Вик презрительно засмеялся в спину отвернувшегося от пленников вогула. И в эту же спину и так же надменно бросила Венедис:
— Трусы.
И потом громко, заставляя слова метаться между гулких стен капонира:
— Сборище трусов, возглавляемых трусом! Двадцать воинов испугались сразиться честно! Двадцать воинов боятся трех мужчин и одну женщину! Связали — ха!
Вождь стремительно — косы закружились — развернулся и приблизил лицо к Венедис. Рожа у него вышла совсем свирепая.
— Баба! Молчи! Твой косяк! Хэге — за тобой пришли, зачем сюда ходила?!
Но было поздно. Остальные вогулы возмущенно расшумелись, перекрикивая друг друга.
— Говорят, у девки слова — дела нет, — перевел Килим.
— Дела нет?! — рассмеялась Венди. — А вы меня развяжите, я голыми руками любому из батыров задницу надеру. Дети леммингов.
Батыров зацепило на всю катушку.
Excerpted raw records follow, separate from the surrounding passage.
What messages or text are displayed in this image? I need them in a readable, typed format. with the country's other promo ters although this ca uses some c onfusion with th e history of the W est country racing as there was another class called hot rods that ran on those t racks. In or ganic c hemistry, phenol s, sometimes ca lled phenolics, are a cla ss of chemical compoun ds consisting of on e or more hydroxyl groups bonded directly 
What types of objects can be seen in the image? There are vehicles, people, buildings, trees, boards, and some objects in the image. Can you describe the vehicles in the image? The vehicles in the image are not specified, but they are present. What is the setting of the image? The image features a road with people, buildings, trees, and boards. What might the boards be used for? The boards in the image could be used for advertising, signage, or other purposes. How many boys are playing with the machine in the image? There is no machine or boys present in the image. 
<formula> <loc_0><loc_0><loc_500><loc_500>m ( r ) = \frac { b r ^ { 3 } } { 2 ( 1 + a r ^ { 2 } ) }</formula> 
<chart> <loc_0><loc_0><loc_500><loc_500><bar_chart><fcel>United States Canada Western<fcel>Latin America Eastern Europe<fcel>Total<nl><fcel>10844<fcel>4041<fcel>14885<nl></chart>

Вождь какое-то время пытался приструнить своих, потом снова вперился глазами в Венедис:
— Развяжу. Будешь драться. Сказала, «голыми руками» — хорошо. Один на один. По-честному — без заемных сил. Мой шаман проследит!
Вогул показал на цветасто приодетого мужика, Развалившегося возле костра на носилках, судя по позе — в глубоком трансе. Ну, теперь понятно, на ком Гоньба висит. И видочить девушке можно только из внутреннего резерва и, если удастся, от противника. Это называется один на один. Туго придется — Венди говорила, что в ее мире привыкли пользоваться внешней энергией.